The trailer was big enough for twelve showers and a bank of lockers, and the crew was big enough that it was always crowded in there come five o’clock. But today, TT noticed, he didn’t have to elbow his way to his locker and wait in line for the shower. The other guys kind of made way for him in a way that wasn’t comfortable at all.

Finally, he said, “C’mon, what the fuck is this? You assholes going to treat me different now? I didn’t ask to get the virus and if any of you motherfuckers had been paying attention in sixth-grade science you’d know it ain’t catching. At least I didn’t grow three more cocks or something.”

Bell, one of the riveters, said, “That’d give you a total of three, then,” and the other guys all laughed and then it was more or less back to normal until TT pulled his phone down from the little shelf at the top of his locker and saw that he had a hundred and nine missed calls and forty voice mails. Most of them from Ma.

TT lived in a room above his mother’s garage, and it would take him about an hour to get home, where she’d be fixing supper for him and for whichever of his sisters and brothers would be coming over tonight. On a Friday night, there would be more of them than usual. Hell, on a Friday night when one of the siblings had been on the local news all afternoon for being a fucking ace all of them might show up. Ma would have to put the extra leaf in the dining room table.

That piss-drunk son-of-a-bitch Father Dobrzycki would probably wander over from the Polonia Hall, too.

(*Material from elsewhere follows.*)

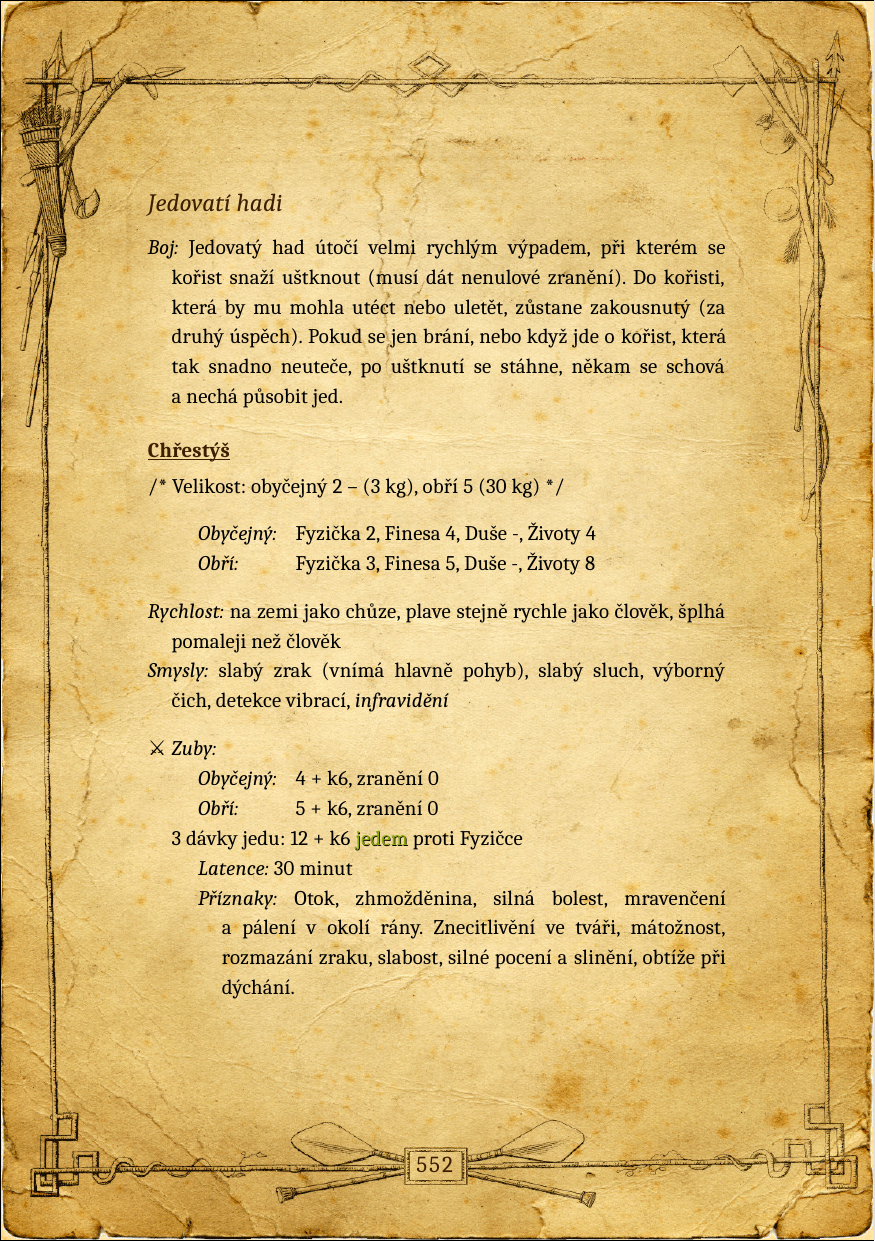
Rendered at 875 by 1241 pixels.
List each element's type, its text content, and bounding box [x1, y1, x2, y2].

Better stop for extra wine, then.

He was always one of the first guys to arrive on the site in the morning, which meant his truck was parked at the far end of the row. Parking was tight enough that there was a rule that you took the farthest space available when you arrived. TT had the same We Build Chicago bumper sticker that most of the other trucks and cars did on his F-250, and his wasn’t even the only F-250. So TT figured it was either just a coincidence or because his vehicle was the most secluded from the street that the old man had crawled into the plastic-lined bed of his truck.

TT thought he was just some homeless dude at first sight, but then the old man rolled over and those three gaping wounds were still bleeding on his face from where the tiger man had clawed him. The old man looked different, though. His arms and legs weren’t so heavily muscled. In fact, his coveralls hung off him like they were a couple of sizes too big. He’d actually fucking shrunk since his fight up on the crane.

Somebody yelled at him to have a good weekend and to try and stay out of the papers and TT threw up a hand, waving in response. The old man looked out at him from his hiding space, held up a finger in front of his lips asking TT to keep quiet.

This was a fucked-up situation.

TT walked over to the driver’s-side door of the pickup and stepped up on the footrail where he could lean in and open the toolbox behind the cab. He looked around, but nobody was close.

“What’s up, dziadek ?” he asked.

The old man gave him a ghastly grin. TT could see some of his teeth through his torn open cheek.

“I have no wnuki that I know of,” he said. “But I have been called grandfather before. Recently, in fact. Or, rather, ten years from now.”

Oh yeah, this was making more fucking sense all the time.

“I’m going to get you to the ER, old man. And you should try not to talk. It makes you bleed more and it ain’t too fucking pretty, neither.”

“No,” said the old man. “No hospitals. No police. No authorities. I will heal in time, Hardhat.”